# Anyone here blog?



## MistArts (Oct 15, 2008)

I've just recently start to blog and was wonder if any of you guys blog too. You can see why in my blog. Here's my blog:

http://frozenmists.blogspot.com/


----------



## CAT13 (Oct 15, 2008)

MistArts said:


> I've just recently start to blog and was wonder if any of you guys blog too. You can see why in my blog. Here's my blog:
> 
> http://frozenmists.blogspot.com/



"People are getting more lazy and stupid nowadays?"

I like your blog 
And no, I don't blog. I don't have anything to blog about.


----------



## PCwizCube (Oct 15, 2008)

I know Shelley Chang has a blog but I can't seem to find it - even Google doesn't work >.<

And like CAT13 I don't have anything to blog


----------



## joey (Oct 15, 2008)

Rubik's Cube Fan said:


> I know Shelley Chang has a blog but I can't seem to find it - even Google doesn't work >.<
> 
> And like CAT13 I don't have anything to blog



Google harder


----------



## Jai (Oct 15, 2008)

I have 2 blogs, but all I do is post PB averages and sessions (the latter is in my Xanga, the first is in my Blogger blog, in my sig), I don't really have anything to blog about.


----------



## Faz (Oct 15, 2008)

http://www.xanga.com/fazrulz1

dont use it much.

My latest video on youtube is a blog

see http://www.youtube.com/fazrulz1


----------



## fcwy1 (Oct 15, 2008)

I'm too lazy to keep a blog.
but i have a personal journal.


----------



## qqwref (Oct 15, 2008)

I made a blog-thing to put some puzzle-related articles up on the web. But, I never ended up putting all I wanted on it... It's at http://michael-gottlieb.blogspot.com/.


----------



## pjk (Oct 15, 2008)

Mine is in my sig (pjkdirect). I've never been too serious about it, but nice to have when you want to rant. I know a couple guys who make a living doing it.


----------



## ExoCorsair (Oct 15, 2008)

I blog, but it's for my personal friends only.


----------



## Rabid (Oct 15, 2008)

I’ve done some experimental stuff to play with google-crawls..

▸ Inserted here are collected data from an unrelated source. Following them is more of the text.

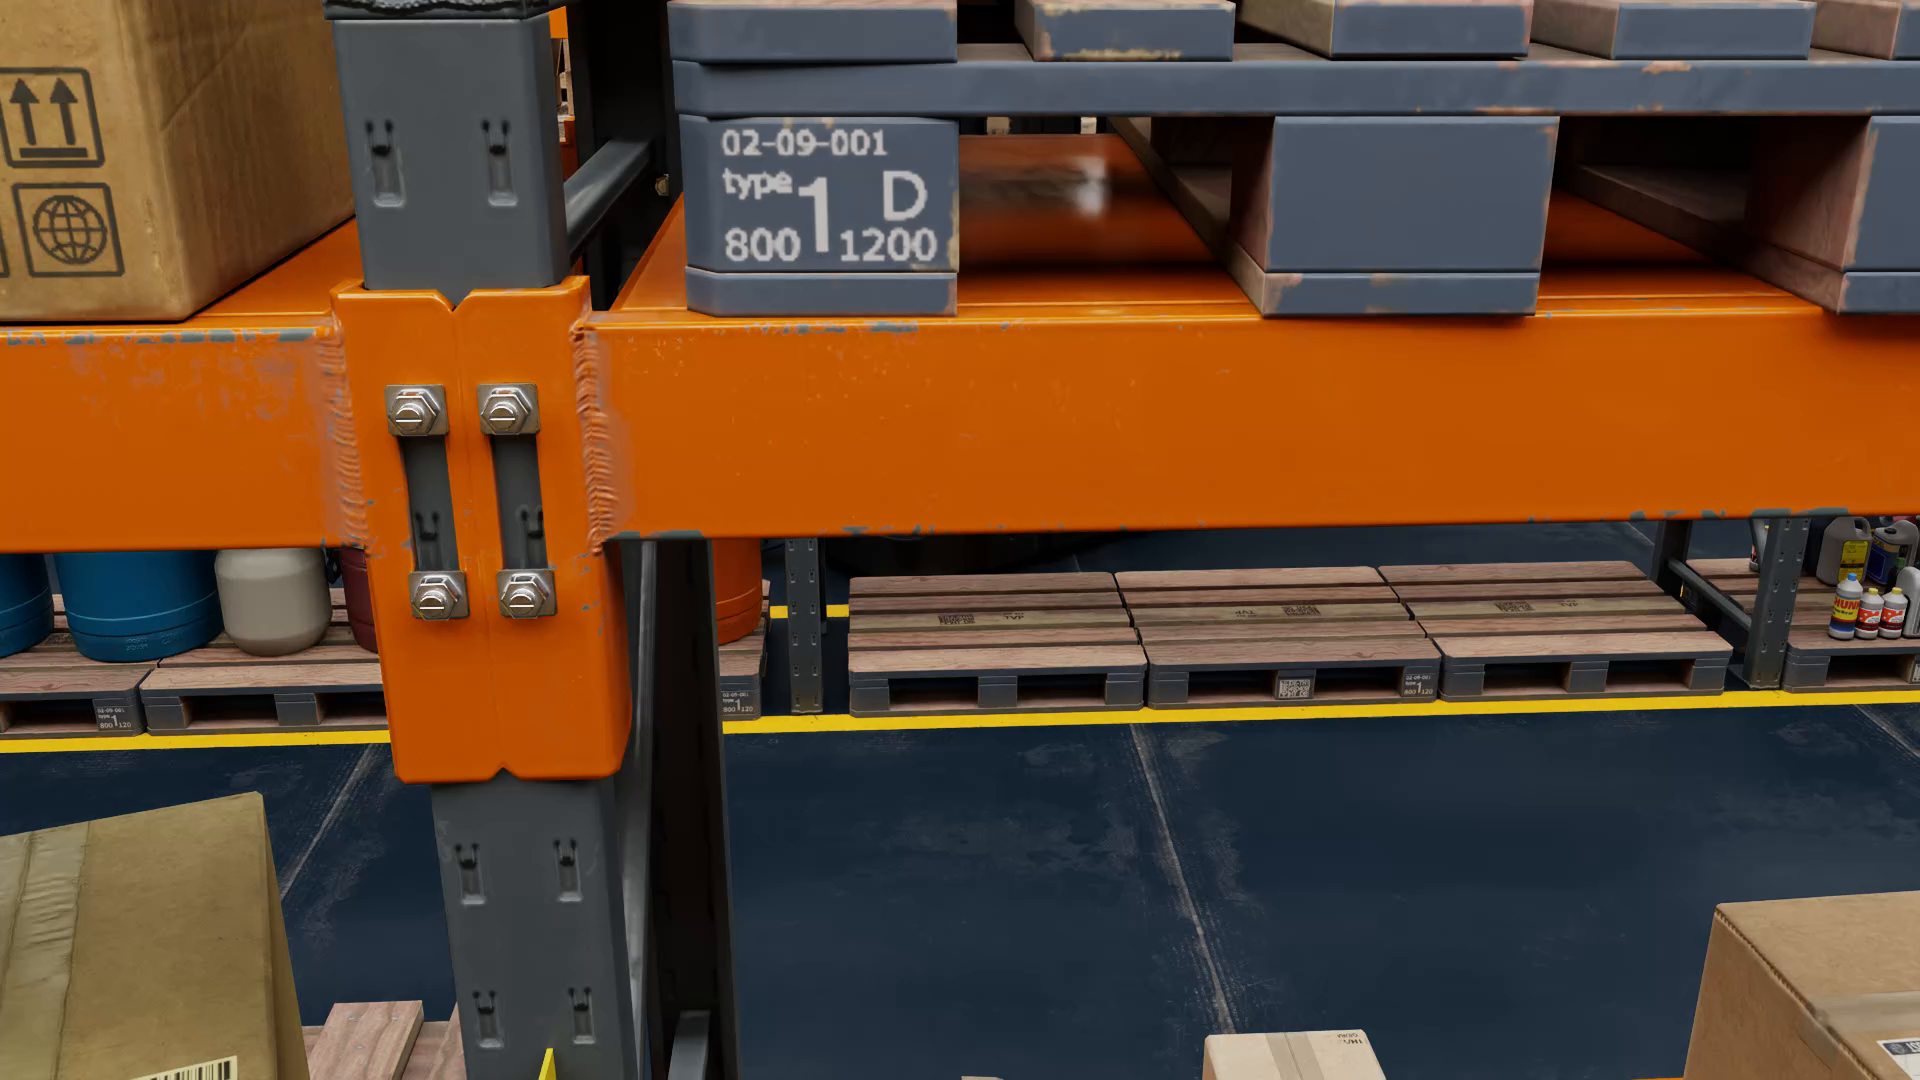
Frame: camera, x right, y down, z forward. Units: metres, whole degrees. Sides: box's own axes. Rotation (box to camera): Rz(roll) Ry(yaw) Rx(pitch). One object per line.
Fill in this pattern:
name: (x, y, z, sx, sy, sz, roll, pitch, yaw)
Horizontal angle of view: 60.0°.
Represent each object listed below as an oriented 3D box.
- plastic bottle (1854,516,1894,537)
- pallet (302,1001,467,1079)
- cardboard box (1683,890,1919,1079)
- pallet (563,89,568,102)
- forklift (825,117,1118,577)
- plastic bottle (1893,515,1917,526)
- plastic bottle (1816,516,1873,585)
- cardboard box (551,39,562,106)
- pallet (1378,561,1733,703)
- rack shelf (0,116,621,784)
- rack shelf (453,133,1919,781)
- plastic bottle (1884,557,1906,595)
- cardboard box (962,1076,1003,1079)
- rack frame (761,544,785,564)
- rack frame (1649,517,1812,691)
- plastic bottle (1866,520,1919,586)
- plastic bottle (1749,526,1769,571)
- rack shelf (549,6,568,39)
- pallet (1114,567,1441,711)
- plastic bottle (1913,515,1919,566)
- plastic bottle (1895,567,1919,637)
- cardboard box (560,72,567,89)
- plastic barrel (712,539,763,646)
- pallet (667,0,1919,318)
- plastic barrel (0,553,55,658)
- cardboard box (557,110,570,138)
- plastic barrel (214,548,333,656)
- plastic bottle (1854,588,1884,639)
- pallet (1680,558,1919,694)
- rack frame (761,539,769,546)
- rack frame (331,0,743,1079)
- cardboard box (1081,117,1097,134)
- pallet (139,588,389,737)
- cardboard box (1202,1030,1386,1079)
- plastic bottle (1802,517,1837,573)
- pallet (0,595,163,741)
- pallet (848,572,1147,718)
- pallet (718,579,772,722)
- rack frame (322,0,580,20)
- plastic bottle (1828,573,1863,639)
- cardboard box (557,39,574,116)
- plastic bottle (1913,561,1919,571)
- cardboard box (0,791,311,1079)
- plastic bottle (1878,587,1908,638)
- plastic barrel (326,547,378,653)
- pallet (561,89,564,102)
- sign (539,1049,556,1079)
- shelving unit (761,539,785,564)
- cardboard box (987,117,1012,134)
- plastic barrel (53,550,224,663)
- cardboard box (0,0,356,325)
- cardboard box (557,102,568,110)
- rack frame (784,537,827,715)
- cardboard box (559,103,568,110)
plastic bottle: (4.162, -0.037, 7.606, 0.185, 0.351, 0.144, -2, 21, -6)
pallet: (-1.043, 1.020, 1.997, 1.003, 0.211, 1.213, -1, 21, -3)
cardboard box: (1.304, 0.805, 2.151, 0.500, 0.500, 0.500, -2, 21, -6)
pallet: (-3.089, -4.247, 15.831, 1.213, 0.211, 1.003, -1, 21, -3)
forklift: (0.581, -1.545, 8.561, 3.031, 2.935, 1.130, -16, 26, -36)
plastic bottle: (4.322, -0.023, 7.666, 0.133, 0.283, 0.061, 0, 21, 1)
plastic bottle: (3.979, 0.018, 7.461, 0.185, 0.351, 0.144, -1, 21, -3)
cardboard box: (-2.983, -3.106, 11.013, 0.637, 0.503, 0.797, 0, 21, -1)
pallet: (2.562, 0.383, 7.318, 1.213, 0.211, 1.003, -1, 21, -3)
rack shelf: (-2.367, -0.134, 1.552, 4.000, 0.370, 1.077, -1, 21, -3)
rack shelf: (1.626, -0.215, 1.765, 4.000, 0.370, 1.077, -1, 21, -3)
plastic bottle: (4.002, 0.209, 7.055, 0.133, 0.283, 0.061, -1, 21, -3)
cardboard box: (-0.005, 0.941, 2.059, 0.500, 0.311, 0.500, 0, 21, 0)
rack frame: (-0.933, -0.321, 8.200, 0.240, 0.900, 0.006, -19, 28, -40)
rack frame: (3.344, -0.950, 6.899, 0.127, 3.000, 1.000, -1, 21, -3)
plastic bottle: (4.196, 0.050, 7.482, 0.135, 0.276, 0.152, -1, 21, -3)
plastic bottle: (3.688, 0.034, 7.629, 0.097, 0.201, 0.097, 0, 21, 0)
rack shelf: (-2.646, -1.893, 6.174, 4.000, 0.370, 1.077, -1, 21, -3)
pallet: (1.341, 0.409, 7.250, 1.213, 0.211, 1.003, -1, 21, -3)
plastic bottle: (4.484, -0.043, 7.623, 0.185, 0.351, 0.144, -1, 21, -3)
plastic bottle: (4.008, 0.251, 6.957, 0.135, 0.276, 0.152, 0, 21, -1)
cardboard box: (-3.657, -4.255, 15.345, 0.250, 0.149, 0.380, -2, 21, -5)
plastic barrel: (-1.137, -0.034, 6.956, 0.708, 0.830, 0.600, -1, 21, -3)
pallet: (0.302, -0.468, 1.684, 1.003, 0.211, 1.213, 0, 21, -1)
plastic barrel: (-4.099, -0.008, 6.784, 0.708, 0.901, 0.600, -1, 21, -3)
cardboard box: (-2.427, -2.557, 10.980, 0.500, 0.500, 0.500, -2, 21, -5)
plastic barrel: (-2.823, 0.180, 6.838, 0.421, 0.512, 0.421, 0, 21, 0)
plastic bottle: (3.789, 0.300, 6.933, 0.097, 0.201, 0.097, 0, 21, 0)
pallet: (4.017, 0.355, 7.393, 1.213, 0.211, 1.003, -1, 21, -3)
rack frame: (-1.075, -0.373, 8.336, 0.240, 0.900, 0.006, -19, 28, -40)
rack frame: (-0.371, 0.891, 2.064, 0.127, 3.000, 1.000, -1, 21, -3)
cardboard box: (0.754, -2.706, 11.134, 0.500, 0.250, 0.500, -2, 21, -5)
pallet: (-2.649, 0.489, 7.039, 1.213, 0.211, 1.003, -1, 21, -3)
cardboard box: (0.512, 0.892, 2.415, 0.250, 0.149, 0.380, -1, 21, -3)
plastic bottle: (3.970, -0.033, 7.596, 0.185, 0.351, 0.144, -2, 21, -4)
pallet: (-3.870, 0.515, 6.971, 1.213, 0.211, 1.003, -1, 21, -3)
pallet: (0.126, 0.433, 7.187, 1.213, 0.211, 1.003, -1, 21, -3)
pallet: (-1.434, 0.466, 7.101, 1.213, 0.211, 1.003, -1, 21, -3)
rack frame: (-0.371, -1.912, 0.997, 0.127, 3.000, 1.000, -1, 21, -3)
plastic bottle: (3.687, 0.269, 6.915, 0.097, 0.271, 0.097, 0, 21, 0)
cardboard box: (-2.314, -3.122, 11.055, 0.637, 0.503, 0.797, -1, 21, -2)
plastic bottle: (4.165, 0.163, 7.083, 0.185, 0.351, 0.144, -1, 21, -3)
cardboard box: (-0.993, 0.701, 1.833, 0.500, 0.500, 0.700, -8, 22, -21)
plastic bottle: (3.890, 0.298, 6.938, 0.097, 0.201, 0.097, 0, 21, 0)
plastic barrel: (-2.264, 0.101, 6.938, 0.708, 0.588, 0.600, -1, 21, -3)
pallet: (-4.337, -4.185, 15.666, 1.213, 0.211, 1.003, -1, 21, -3)
sign: (-0.330, 0.580, 1.367, 0.005, 0.325, 0.100, -1, 21, -3)
shelving unit: (-1.004, -0.347, 8.268, 0.258, 0.900, 0.210, -19, 28, -40)
cardboard box: (0.156, -2.943, 11.404, 0.500, 0.500, 0.700, 2, 21, 5)
plastic barrel: (-3.392, -0.022, 6.822, 0.708, 0.901, 0.600, -1, 21, -3)
cardboard box: (-0.804, -0.536, 1.458, 0.500, 0.500, 0.910, -1, 21, -3)
cardboard box: (-2.958, -2.729, 11.432, 0.500, 0.500, 0.500, -1, 21, -3)
rack frame: (-0.650, -0.868, 6.686, 0.127, 3.000, 1.000, -1, 21, -3)
cardboard box: (-2.459, -2.738, 11.457, 0.500, 0.500, 0.500, -2, 21, -4)

http://mrsalk.wordpress.com/

I apologize in advance.


----------



## CharlieCooper (Oct 15, 2008)

ExoCorsair said:


> I blog, but it's for my personal friends only.



this is also what i do


----------



## badmephisto (Oct 15, 2008)

MistArts I voted "no" to your poll "Should race discrimination be stopped?" out of spite. MWHHAHAHAaaaaaa


----------



## Escher (Oct 15, 2008)

evilmephisto!


----------



## AvGalen (Oct 16, 2008)

CharlieCooper said:


> ExoCorsair said:
> 
> 
> > I blog, but it's for my personal friends only.
> ...



Gimme the url


----------



## waffle=ijm (Oct 16, 2008)

i made one for fun. i will post the url when i'm finished with my first post 

...beware the profanity...

too lazy wrote nothing.


----------



## CADcubing1 (Jul 15, 2013)

fcwy1 said:


> I'm too lazy to keep a blog.
> but i have a personal journal.



How exactly do you start a blog on here?


----------



## Schmidt (Jul 15, 2013)

He forgot to write "Oh sorry, you were right about your times."



Spoiler



https://www.dropbox.com/s/ya8ucqzdwnsg5qo/2013-07-15 19.10.38.png


----------



## speedcuber50 (Jul 19, 2013)

I've got loads to blog about, but I'm too busy and my computer time is too limited to blog it all, even though Speedsolving offers an already-setup blog. However, I am slowly working on a new website (which can be found on my Speedsolving profile page).


----------



## rj (Aug 7, 2013)

I do! But you can find it yourself.


----------